(Dataset items)

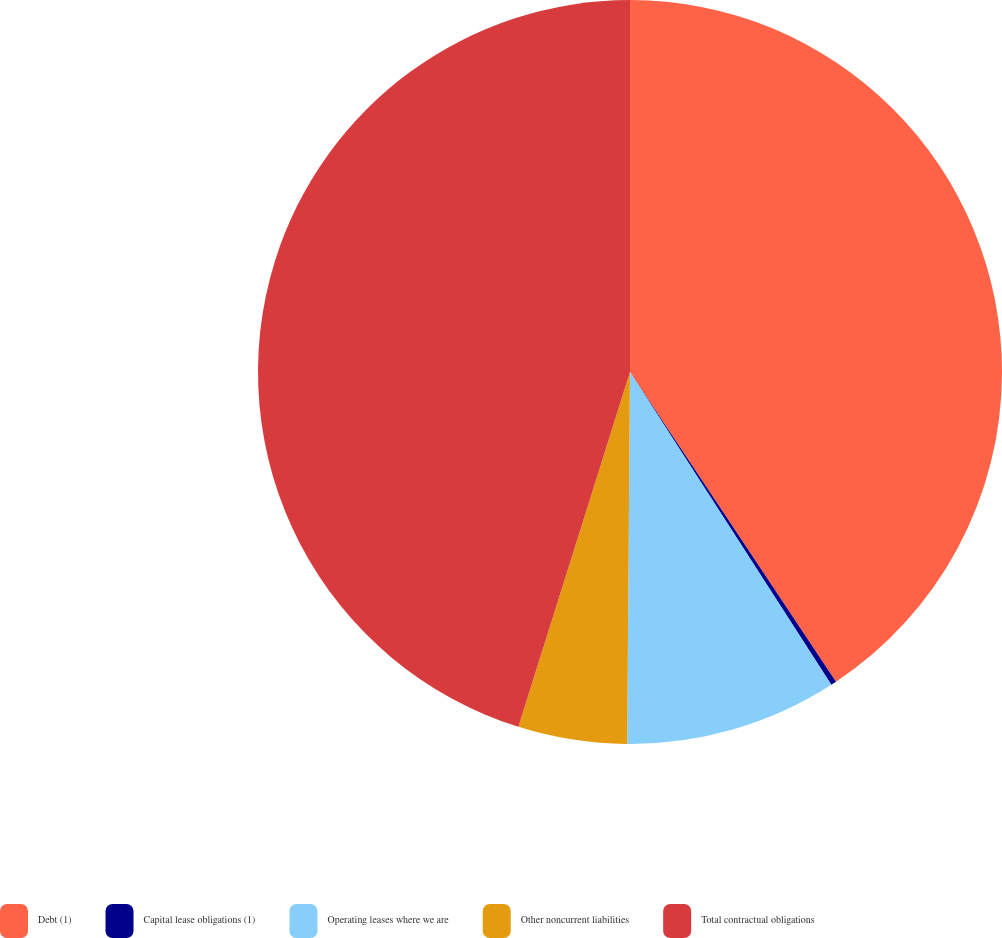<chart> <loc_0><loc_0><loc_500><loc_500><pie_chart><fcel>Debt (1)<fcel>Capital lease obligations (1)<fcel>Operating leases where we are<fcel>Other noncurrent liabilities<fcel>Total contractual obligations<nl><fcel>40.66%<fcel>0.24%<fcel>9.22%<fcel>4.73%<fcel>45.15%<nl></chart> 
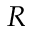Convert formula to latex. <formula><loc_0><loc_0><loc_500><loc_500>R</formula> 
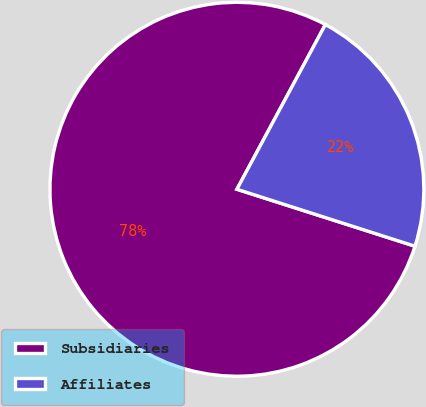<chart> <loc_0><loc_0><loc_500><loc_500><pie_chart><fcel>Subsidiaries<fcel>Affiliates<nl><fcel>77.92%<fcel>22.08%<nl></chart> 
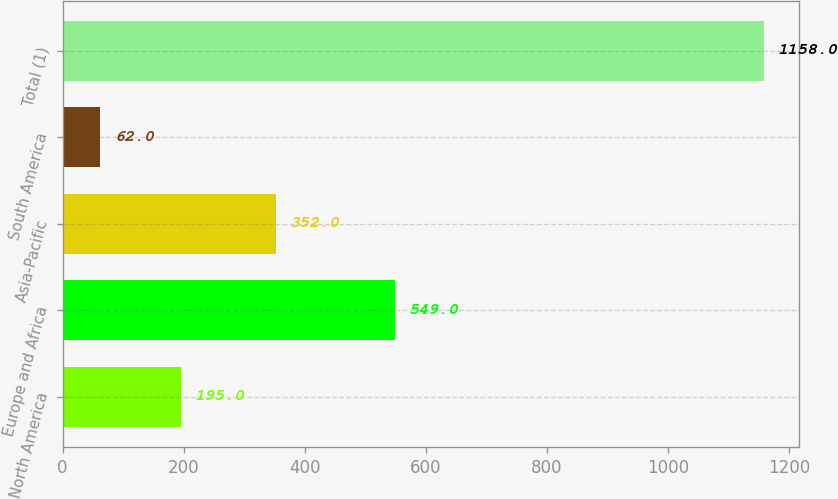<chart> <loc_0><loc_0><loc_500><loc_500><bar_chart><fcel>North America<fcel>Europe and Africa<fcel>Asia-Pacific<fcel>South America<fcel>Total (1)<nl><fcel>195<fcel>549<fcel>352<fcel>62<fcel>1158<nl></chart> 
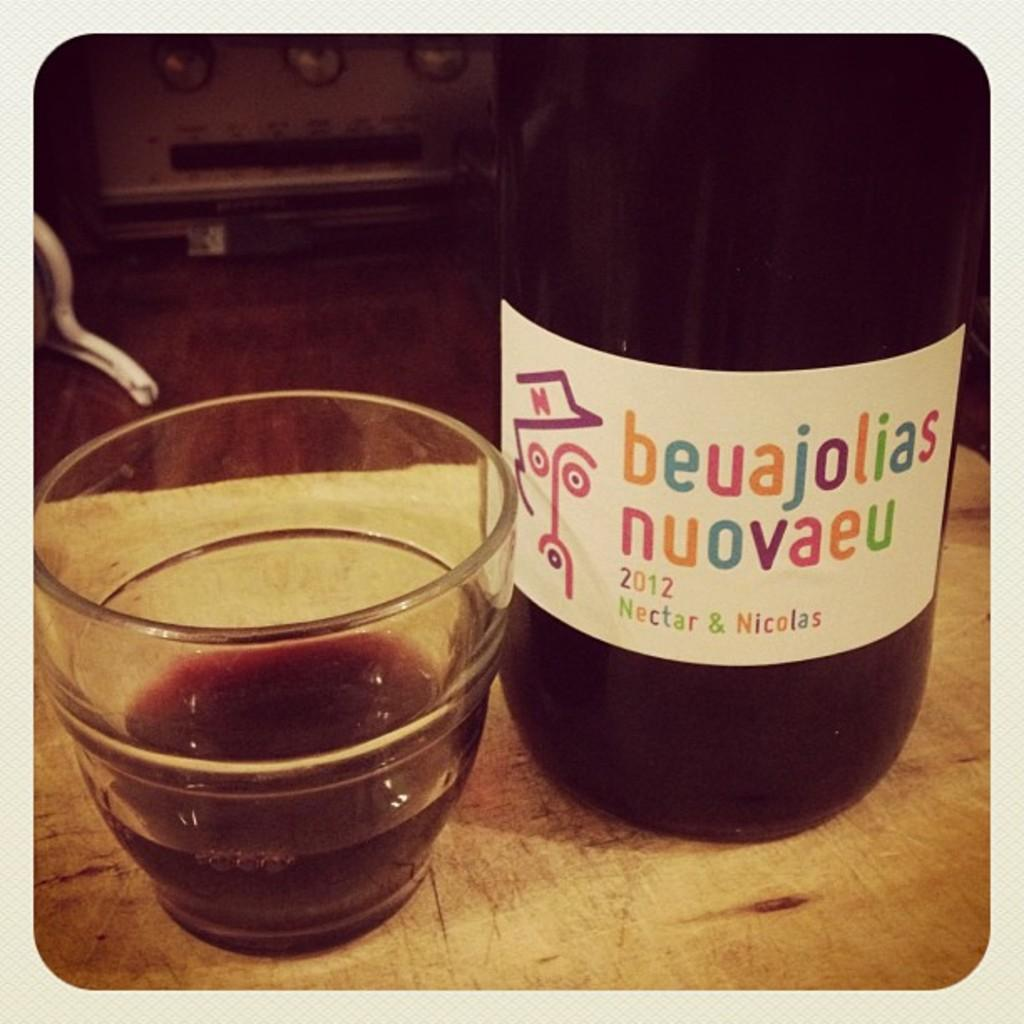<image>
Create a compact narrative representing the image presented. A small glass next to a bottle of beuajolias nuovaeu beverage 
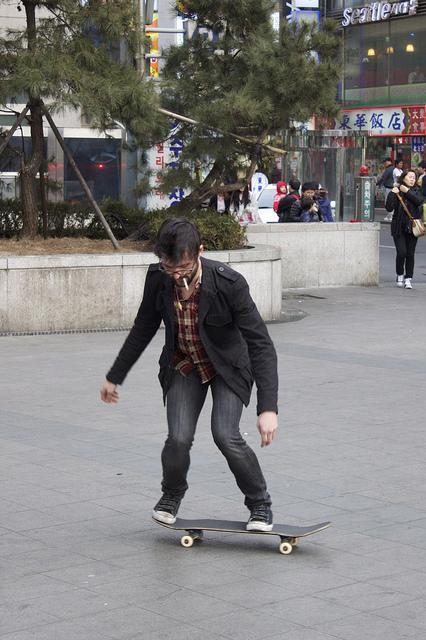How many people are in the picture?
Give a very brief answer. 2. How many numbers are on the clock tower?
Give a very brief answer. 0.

* * *

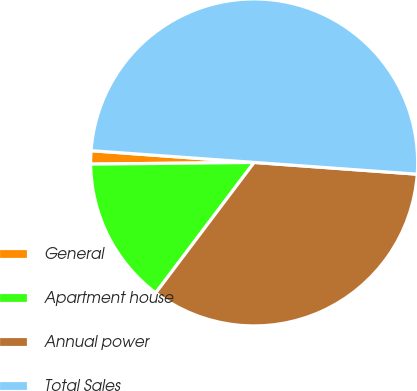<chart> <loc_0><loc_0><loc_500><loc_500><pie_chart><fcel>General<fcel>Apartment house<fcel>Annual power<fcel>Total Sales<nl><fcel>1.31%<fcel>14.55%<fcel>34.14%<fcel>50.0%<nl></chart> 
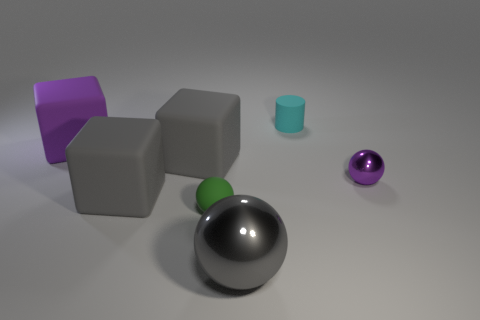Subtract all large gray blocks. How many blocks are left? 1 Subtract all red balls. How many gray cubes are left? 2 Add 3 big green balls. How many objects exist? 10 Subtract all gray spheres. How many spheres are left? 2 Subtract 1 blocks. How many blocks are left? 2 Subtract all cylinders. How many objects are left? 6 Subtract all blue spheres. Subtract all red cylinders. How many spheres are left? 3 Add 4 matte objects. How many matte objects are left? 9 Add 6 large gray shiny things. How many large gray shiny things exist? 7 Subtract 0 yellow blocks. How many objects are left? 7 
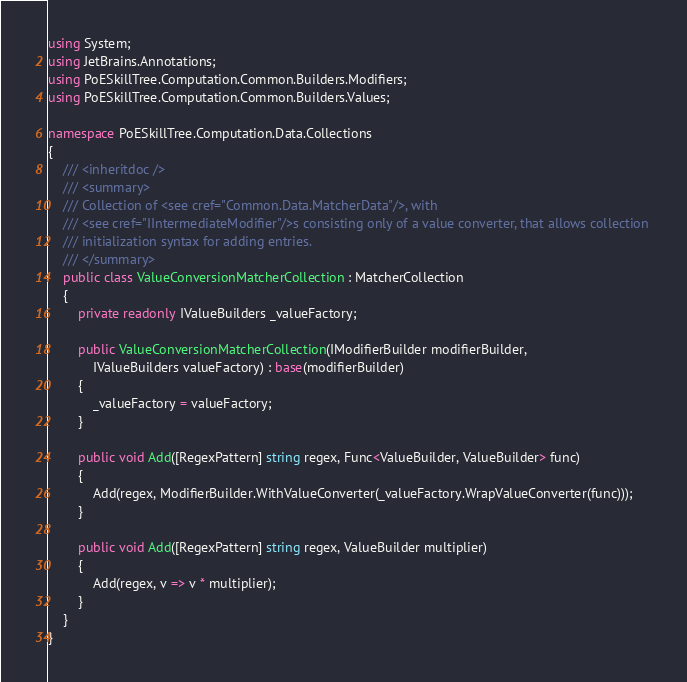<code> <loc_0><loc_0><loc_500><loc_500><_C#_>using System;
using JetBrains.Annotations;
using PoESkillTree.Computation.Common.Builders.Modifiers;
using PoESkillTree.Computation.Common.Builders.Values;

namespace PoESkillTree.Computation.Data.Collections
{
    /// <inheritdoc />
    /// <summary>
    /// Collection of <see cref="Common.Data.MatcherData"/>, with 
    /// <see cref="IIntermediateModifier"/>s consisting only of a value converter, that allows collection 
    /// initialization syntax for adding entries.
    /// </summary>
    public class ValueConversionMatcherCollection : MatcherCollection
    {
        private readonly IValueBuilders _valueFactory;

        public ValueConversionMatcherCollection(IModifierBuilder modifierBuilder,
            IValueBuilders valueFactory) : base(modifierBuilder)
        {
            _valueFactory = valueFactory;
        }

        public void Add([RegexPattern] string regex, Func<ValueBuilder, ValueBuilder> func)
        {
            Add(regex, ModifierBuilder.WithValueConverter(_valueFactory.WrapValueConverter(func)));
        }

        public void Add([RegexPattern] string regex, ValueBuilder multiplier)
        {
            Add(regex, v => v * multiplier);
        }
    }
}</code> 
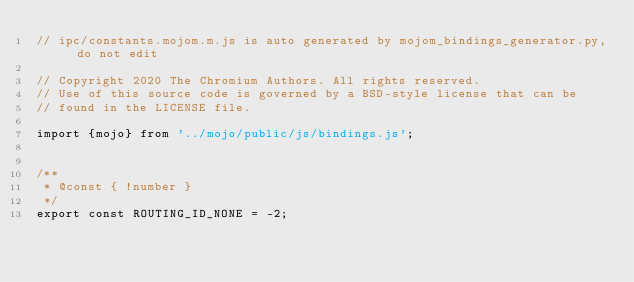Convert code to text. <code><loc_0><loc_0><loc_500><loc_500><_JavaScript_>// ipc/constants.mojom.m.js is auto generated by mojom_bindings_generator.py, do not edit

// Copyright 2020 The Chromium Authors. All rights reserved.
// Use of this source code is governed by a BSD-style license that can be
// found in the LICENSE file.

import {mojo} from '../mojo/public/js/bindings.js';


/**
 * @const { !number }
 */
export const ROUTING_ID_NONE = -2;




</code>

__WORK ITEM__.
All lines above in which the word "func" occurs should be identified and copied.

__OUTPUT FOR THIS TASK__.
        public void Add([RegexPattern] string regex, Func<ValueBuilder, ValueBuilder> func)
            Add(regex, ModifierBuilder.WithValueConverter(_valueFactory.WrapValueConverter(func)));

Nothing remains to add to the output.